Por Joaquim Manuel de Macedo (1848)
– Desrespeitei um sentimento sagrado... quis cultivar na minha alma uma flor estranha ao pé de outra flor, que lá está plantada pela mão do Senhor Deus. Sabeis o que aconteceu?...
– O quê?
– A flor estranha está murcha... está morta, disse com voz trêmula e dolorosa o mancebo; mas deixou para sempre na minha alma o germe de um tormento horrível... desesperado!

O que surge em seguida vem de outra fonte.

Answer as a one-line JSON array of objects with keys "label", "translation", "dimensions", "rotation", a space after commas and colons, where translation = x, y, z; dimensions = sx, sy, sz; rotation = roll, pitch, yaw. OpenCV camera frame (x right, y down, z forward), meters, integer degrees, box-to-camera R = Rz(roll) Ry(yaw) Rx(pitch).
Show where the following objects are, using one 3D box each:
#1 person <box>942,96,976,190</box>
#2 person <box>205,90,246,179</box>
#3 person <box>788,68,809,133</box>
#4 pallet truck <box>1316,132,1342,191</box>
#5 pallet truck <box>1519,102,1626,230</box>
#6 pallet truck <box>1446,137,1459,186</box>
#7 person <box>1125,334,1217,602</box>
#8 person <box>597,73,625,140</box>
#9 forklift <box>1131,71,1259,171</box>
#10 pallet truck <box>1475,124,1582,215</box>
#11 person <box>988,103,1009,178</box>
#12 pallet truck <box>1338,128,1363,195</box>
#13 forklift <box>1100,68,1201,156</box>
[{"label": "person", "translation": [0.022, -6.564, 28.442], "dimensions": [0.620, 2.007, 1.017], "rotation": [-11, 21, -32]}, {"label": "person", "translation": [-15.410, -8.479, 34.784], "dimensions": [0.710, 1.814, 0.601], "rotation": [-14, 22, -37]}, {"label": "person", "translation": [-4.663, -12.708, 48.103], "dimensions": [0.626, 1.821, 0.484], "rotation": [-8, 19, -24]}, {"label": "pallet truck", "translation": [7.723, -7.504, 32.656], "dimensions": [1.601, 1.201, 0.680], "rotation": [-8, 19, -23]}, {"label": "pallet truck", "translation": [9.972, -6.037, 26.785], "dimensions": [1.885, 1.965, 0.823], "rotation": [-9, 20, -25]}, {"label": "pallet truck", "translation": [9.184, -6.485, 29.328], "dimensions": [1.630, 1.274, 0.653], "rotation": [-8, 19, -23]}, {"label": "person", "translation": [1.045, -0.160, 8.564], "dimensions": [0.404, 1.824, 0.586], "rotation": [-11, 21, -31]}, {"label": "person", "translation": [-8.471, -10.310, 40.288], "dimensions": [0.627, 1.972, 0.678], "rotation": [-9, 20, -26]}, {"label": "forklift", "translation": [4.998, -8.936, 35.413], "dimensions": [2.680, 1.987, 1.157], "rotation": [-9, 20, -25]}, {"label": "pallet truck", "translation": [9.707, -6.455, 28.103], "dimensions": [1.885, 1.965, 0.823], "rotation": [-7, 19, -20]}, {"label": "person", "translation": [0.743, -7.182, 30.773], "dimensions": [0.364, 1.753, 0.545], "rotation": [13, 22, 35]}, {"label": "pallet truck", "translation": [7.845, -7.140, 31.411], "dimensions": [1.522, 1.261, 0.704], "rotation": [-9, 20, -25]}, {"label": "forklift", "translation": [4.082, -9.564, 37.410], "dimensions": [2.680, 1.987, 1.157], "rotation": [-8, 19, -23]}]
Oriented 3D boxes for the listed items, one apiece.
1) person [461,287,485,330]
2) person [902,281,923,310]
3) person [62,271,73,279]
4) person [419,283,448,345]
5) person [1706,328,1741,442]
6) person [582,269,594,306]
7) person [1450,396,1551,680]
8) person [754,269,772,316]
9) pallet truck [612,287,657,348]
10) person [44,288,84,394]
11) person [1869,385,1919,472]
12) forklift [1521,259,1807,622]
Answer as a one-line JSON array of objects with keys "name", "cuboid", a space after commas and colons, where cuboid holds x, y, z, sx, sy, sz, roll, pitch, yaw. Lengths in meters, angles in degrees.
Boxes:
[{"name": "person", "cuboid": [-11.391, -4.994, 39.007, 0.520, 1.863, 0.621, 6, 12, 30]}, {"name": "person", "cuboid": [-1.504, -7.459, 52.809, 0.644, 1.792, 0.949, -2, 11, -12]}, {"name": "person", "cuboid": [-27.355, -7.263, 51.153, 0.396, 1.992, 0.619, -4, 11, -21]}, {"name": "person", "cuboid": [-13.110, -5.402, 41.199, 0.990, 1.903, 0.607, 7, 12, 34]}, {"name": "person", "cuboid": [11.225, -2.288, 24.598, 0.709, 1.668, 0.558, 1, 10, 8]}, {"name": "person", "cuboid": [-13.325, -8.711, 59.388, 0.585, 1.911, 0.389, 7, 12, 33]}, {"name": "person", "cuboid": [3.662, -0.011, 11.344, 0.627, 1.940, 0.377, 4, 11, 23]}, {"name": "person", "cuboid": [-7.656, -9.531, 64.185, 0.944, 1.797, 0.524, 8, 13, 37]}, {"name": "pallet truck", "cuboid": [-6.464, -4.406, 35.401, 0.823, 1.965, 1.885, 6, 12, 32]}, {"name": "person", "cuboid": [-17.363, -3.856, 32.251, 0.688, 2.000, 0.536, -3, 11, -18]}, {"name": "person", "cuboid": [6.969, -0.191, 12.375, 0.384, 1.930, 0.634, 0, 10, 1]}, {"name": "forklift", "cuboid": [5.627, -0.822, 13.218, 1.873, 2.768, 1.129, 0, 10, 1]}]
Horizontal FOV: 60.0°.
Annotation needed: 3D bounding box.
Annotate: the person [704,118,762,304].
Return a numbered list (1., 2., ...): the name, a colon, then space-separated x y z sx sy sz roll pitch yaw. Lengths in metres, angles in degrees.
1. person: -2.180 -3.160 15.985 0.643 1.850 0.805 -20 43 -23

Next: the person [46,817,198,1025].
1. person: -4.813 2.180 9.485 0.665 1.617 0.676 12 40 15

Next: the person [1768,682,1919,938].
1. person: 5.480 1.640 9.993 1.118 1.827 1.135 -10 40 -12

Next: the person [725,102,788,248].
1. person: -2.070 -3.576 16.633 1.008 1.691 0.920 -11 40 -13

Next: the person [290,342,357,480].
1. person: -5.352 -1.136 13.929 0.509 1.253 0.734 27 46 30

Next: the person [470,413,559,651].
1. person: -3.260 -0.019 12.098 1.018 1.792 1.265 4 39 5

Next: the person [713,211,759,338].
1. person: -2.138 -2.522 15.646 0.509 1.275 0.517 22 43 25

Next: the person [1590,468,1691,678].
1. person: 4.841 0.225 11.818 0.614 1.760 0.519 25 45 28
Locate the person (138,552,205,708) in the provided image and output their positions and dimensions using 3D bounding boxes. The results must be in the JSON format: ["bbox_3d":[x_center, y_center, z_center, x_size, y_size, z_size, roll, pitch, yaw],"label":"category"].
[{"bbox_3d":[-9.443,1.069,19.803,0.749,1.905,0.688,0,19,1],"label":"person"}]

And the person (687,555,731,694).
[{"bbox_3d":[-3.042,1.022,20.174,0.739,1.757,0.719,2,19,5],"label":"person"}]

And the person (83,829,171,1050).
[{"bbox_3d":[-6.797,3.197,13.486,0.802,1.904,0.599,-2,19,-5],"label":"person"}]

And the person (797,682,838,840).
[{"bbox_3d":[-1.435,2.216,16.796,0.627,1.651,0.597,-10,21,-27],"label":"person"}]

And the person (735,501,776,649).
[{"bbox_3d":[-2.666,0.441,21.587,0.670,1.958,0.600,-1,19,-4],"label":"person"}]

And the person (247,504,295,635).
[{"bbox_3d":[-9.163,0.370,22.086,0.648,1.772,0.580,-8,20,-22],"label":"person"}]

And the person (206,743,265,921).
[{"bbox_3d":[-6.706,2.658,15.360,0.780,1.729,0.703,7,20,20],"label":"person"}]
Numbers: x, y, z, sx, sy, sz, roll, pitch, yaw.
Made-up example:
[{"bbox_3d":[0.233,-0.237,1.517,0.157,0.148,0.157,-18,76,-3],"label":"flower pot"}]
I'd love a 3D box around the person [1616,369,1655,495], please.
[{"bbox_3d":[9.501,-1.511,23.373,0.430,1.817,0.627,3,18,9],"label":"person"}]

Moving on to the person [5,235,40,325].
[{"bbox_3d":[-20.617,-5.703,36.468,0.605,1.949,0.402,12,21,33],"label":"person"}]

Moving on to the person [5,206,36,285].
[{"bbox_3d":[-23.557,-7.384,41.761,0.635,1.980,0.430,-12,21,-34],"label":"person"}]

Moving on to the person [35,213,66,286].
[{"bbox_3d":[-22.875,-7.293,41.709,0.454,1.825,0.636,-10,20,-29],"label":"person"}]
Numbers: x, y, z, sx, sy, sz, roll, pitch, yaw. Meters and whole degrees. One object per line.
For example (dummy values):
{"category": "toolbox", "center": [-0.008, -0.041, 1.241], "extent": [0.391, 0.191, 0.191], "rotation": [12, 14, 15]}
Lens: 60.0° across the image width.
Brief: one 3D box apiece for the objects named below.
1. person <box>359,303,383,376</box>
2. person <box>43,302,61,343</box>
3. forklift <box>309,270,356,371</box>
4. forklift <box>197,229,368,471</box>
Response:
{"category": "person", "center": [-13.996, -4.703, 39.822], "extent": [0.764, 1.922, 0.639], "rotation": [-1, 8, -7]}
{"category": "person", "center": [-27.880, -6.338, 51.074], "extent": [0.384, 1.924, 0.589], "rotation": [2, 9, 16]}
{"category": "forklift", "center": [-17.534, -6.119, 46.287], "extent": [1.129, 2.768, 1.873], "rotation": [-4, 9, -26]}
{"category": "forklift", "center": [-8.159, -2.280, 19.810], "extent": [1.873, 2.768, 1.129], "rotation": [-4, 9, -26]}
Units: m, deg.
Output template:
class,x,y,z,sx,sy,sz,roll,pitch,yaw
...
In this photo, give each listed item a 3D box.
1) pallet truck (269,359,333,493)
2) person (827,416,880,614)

Os olhos e o rosto de Cândido acendiam-se de novo: a velha começou a recear que sobreviesse algum acidente mais grave, e ia falar, quando o moço prosseguiu com voz cada vez mais repassada de dor:
– Plantei em um vaso sagrado uma flor humana, quis equiparar um sentimento, que me veio do céu, com outro que achei na terra. O resultado é este; o vaso foi profanado... a flor humana feneceu... um remorso é o que dela me resta.
– Cândido!
– Quereis dizer que não me tendes compreendido?... eu vos explico tudo; metade da culpa pertence-vos também; mas mal não vos quero por isso. Ouvi-me.
A velha não achou uma só palavra para dizer a Cândido, que continuou a falar.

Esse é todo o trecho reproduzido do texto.